======== EXCERPTED RECORDS ========

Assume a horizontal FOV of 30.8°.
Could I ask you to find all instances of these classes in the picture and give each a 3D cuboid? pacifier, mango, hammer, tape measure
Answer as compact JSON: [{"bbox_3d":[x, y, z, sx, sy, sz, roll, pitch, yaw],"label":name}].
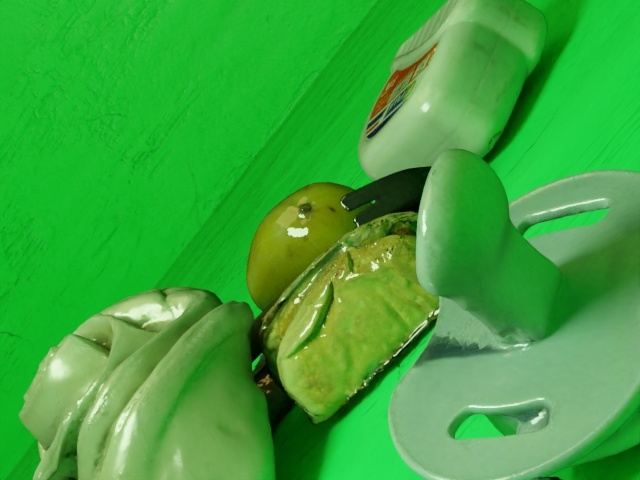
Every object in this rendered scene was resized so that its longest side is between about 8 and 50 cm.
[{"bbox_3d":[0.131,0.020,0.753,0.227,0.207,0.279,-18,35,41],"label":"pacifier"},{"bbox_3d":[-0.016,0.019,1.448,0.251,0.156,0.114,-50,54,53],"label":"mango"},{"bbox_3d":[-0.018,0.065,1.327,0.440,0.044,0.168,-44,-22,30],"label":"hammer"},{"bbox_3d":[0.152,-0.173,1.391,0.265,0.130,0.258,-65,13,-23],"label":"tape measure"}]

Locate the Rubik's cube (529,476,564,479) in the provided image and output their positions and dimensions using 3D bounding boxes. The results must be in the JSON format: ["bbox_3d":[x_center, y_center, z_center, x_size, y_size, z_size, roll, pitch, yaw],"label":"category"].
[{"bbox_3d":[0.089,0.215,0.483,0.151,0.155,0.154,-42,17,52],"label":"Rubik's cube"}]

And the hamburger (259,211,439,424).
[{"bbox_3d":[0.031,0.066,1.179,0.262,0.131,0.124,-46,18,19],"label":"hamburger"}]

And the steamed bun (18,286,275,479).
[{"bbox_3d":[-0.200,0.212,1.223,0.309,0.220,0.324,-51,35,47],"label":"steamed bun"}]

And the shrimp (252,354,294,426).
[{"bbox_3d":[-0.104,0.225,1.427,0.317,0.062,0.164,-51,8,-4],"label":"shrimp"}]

========
======== EXCERPTED RECORDS ========

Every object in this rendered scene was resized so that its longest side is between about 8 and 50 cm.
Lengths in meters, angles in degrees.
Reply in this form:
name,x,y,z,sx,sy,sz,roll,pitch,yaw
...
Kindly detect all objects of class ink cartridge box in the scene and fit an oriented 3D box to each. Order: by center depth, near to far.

========

* _TASK TO CARRY OUT_: From the records above, transcribe exactly the run of lines that opens with the line holding "Assume a horizontal FOV of 30.8°." and closes with the line holding "Answer as compact", both included.

* _YOUR RESPONSE_:
Assume a horizontal FOV of 30.8°.
Could I ask you to find all instances of these classes in the picture and give each a 3D cuboid? pacifier, mango, hammer, tape measure
Answer as compact JSON: [{"bbox_3d":[x, y, z, sx, sy, sz, roll, pitch, yaw],"label":name}].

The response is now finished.